However Gerbner (1956) suggested that messages do not just flow from the text to the audience,
but instead there is another step in the process as audiences discuss the ideas they acquire from the
media with each other. They may even debate and challenge the values and ideologies that the
media conveys.

Consumption theories:

Both Blumler and Katz (1974) and McQuail (1997) suggest a Uses and Gratifications model for
summarising why audiences consume texts (more on p. 66 of A2 Media Studies book)

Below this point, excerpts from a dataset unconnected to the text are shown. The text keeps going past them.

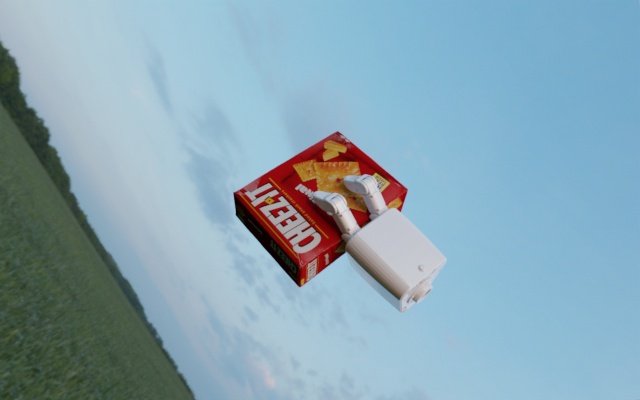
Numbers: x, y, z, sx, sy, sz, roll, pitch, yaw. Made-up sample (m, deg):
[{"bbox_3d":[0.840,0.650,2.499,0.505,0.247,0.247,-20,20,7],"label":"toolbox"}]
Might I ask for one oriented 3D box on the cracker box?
[{"bbox_3d":[0.000,0.002,0.734,0.213,0.164,0.072,-33,-28,-25],"label":"cracker box"}]
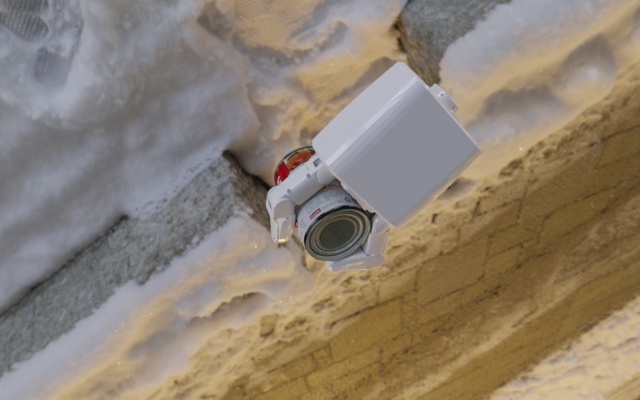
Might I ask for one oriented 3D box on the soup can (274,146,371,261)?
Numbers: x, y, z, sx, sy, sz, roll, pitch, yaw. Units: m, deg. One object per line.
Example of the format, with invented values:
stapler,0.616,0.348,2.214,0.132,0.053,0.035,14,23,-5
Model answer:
soup can,0.000,0.002,0.473,0.068,0.068,0.102,0,38,-26

Shaun Moore (1998) argued that media texts often allow audiences to perceive themselves as part
of an imagined community, where the audience feel that they have something in common with
other imagined members of the audience.

Globalisation

The Global Economy

Many products and services fulfil basic human needs and wants (Maslow again) and there seems to
be no good reason why a fizzy drink that sells successfully in Manchester won't be equally successful
in Melbourne. This means that, within the context of a global marketplace, the company
manufacturing the drink in England could sell it in Australia. However, they need the resources
necessary for production and distribution, and they also need to inform their target market about
their product. Only very large and ambitious companies can do this (Coca-Cola, Pepsi) and they take
advantage of their ability to do so. It is only the successful, global companies that get their fizzy drink
into both fridges (and they probably taste slightly different, being manufactured at different bottling
plants). But is advertising that persuades the consumer to buy on both continents. Transnational
companies rely heavily on advertising to communicate a consistent message to their market.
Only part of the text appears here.